Ultimately, it all comes down to taste, to the editor’s taste.

Look, this is why I don’t believe that there’s an AI program that could do what an editor does. Editing is curation. Let’s use a museum: Your job is to fill the Museum of Modern Art. Do you trust AI to tell you what would be best? Or do you trust somebody who’s been in the curation business for 40 years to figure out how to present art in the most compelling way? Maybe I’m wrong and eventually the machine will be smarter. But I’m not feeling it right now.

What is the purpose of The Atlantic?

To entertain and enlighten our readers — because if we’re not doing a good job of that, we shouldn’t exist. The point of The Atlantic, going back to its founding in 1857, is to use journalistic techniques and tools to help bring about a more perfect union. It’s a magazine that’s supposed to explain America to itself. It’s a magazine that, because it understands that there’s no single American idea, has to be open to different interpretations of what the American idea is.

Today, more than ever, I think its purpose is to hold the line on matters of truth, which is to say that there is a reality. We’ll only survive as a country, and as a species, if we have a shared reality. Especially with the way politics has gone off the rails, the acute technological challenges we’re all facing, I want to be a place where people can come to us and leave having a slightly better understanding of the threats, challenges, and promises of AI, or a better understanding of how Donald Trump fits into the history of the Republican Party, or how scientific experimentation works in the context of a pandemic. It’s a fight to hold on to complicated reality.
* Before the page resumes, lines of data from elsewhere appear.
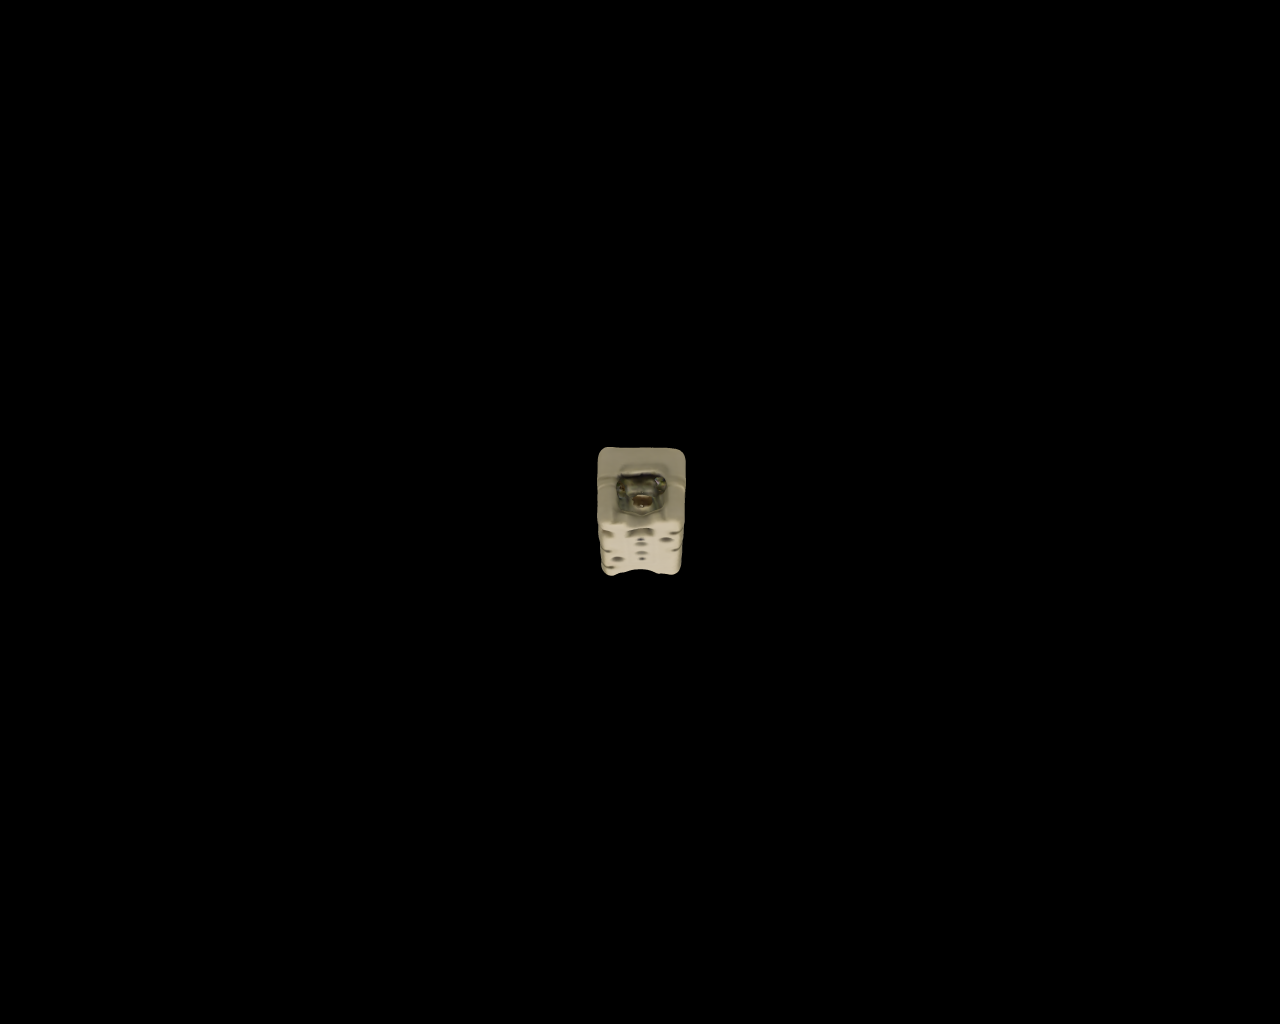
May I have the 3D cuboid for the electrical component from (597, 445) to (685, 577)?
[{"bbox_3d":[0.001,-0.003,0.650,0.050,0.056,0.089,0,-25,0],"label":"electrical component"}]
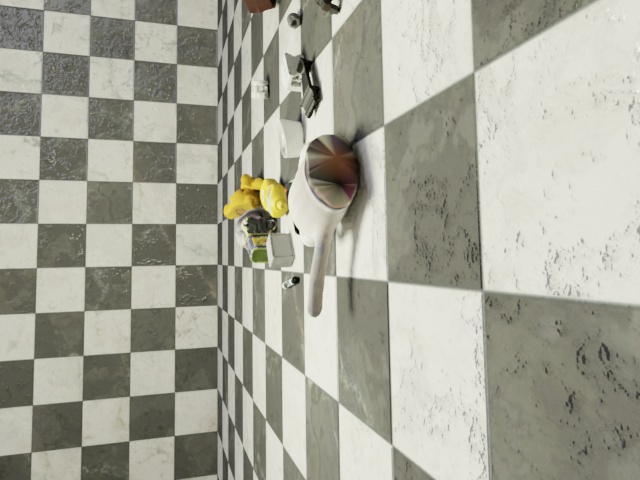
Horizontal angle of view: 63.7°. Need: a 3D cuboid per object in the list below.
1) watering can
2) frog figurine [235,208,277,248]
[{"bbox_3d":[0.003,-0.049,0.968,0.220,0.104,0.354,123,145,-59],"label":"watering can"},{"bbox_3d":[-0.207,-0.033,1.642,0.138,0.122,0.158,-58,5,-9],"label":"frog figurine"}]

The magazine’s 167-year old moniker, “Of No Party or Clique.” What does that mean?

Originally, it meant that The Atlantic was not going to, in a hyper-partisan age of the 1850s, align with any of the parties that existed at the time. It was an abolitionist magazine, obviously it was pro-Lincoln when it counted. The only thing it means to me today is the difference between, “Of No Party or Clique” on the one hand, and “the resistance” idea on the other. I get this criticism fairly constantly: “Well, your magazine is very critical of Trump, and you obviously have written about how Trump is a danger to democracy. So, why are you running stories about how old Joe Biden is?” The answer is that I’m running stories about how old Joe Biden is because he’s old. That’s a relevant fact in the election. We have to publish things that are true. If you’re offended by it, then you’re just on a team.
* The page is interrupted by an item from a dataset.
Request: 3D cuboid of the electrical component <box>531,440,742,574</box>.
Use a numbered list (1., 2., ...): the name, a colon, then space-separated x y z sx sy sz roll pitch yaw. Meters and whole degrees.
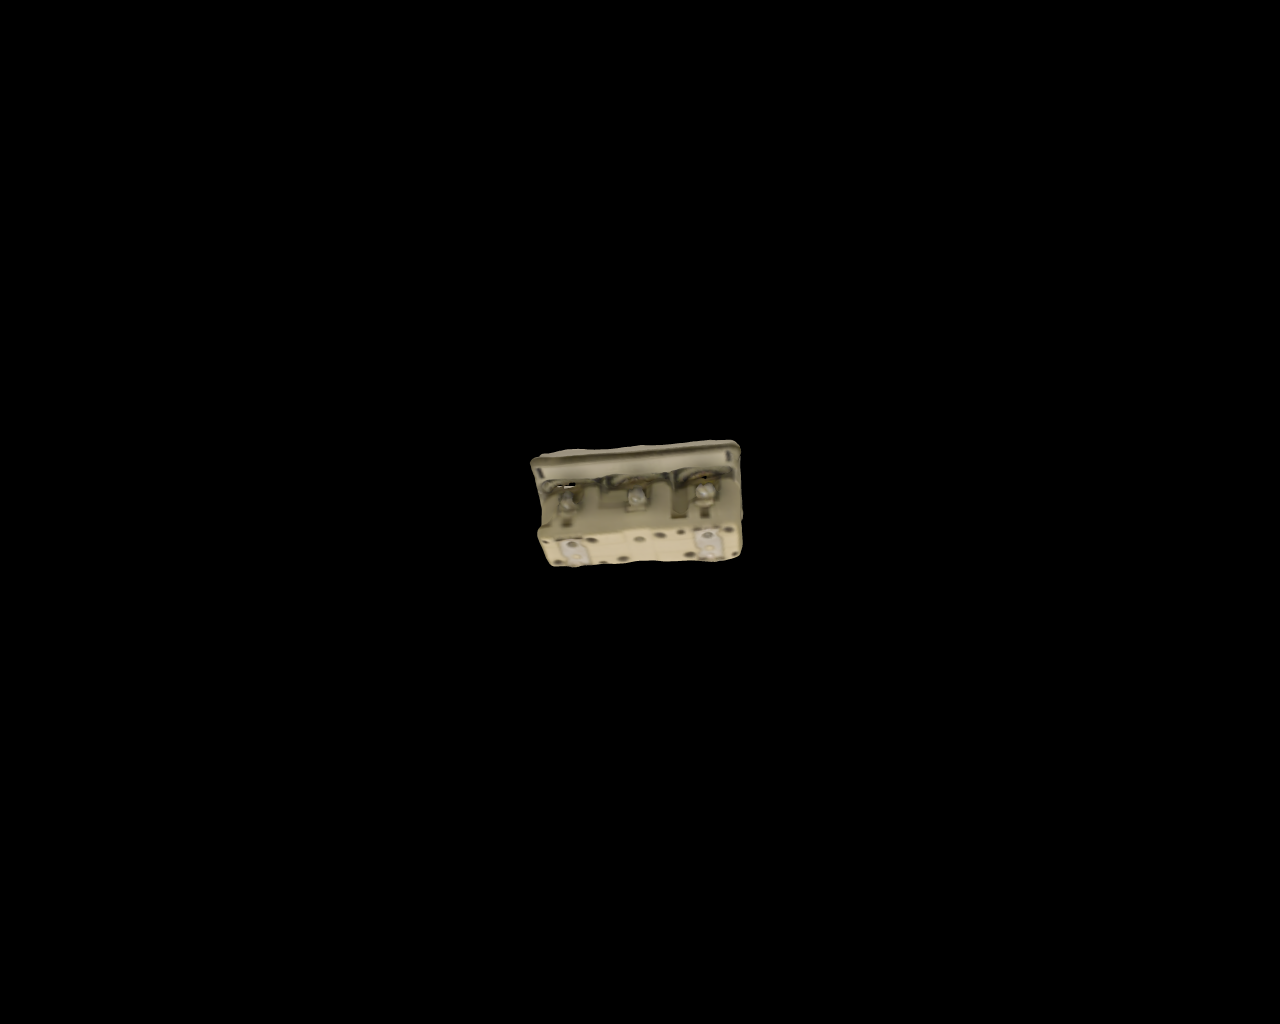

It’ll surprise some that a stable part of your magazine is the print edition, the paper and ink that comes in the mail.

It’s the soul of the enterprise. It’s obviously the original. It’s the repository of all of our values, and it’s a viable commercial product. It turns out that lots of people still want to read a print magazine. Put aside that it’s aesthetically pleasing, I think it’s a wonderful delivery system for information. You roll it up and put it in your pocket. You don’t have to wait for it to load. You don’t have to charge it. It doesn’t beep at you and flash at you all the time. It’s just there, patiently waiting to capture your attention with excellent stories.

Back to the ‘graveyard of web-only products.’ What’s the relationship between sustaining print and sustaining presence?

Print magazines have physical ballast. People who understand the culture, understand that this is the way you deliver complicated information. It’s why books are still read. We don’t want just to live in the air. Without print, you risk floating away. It tethers you to physical reality.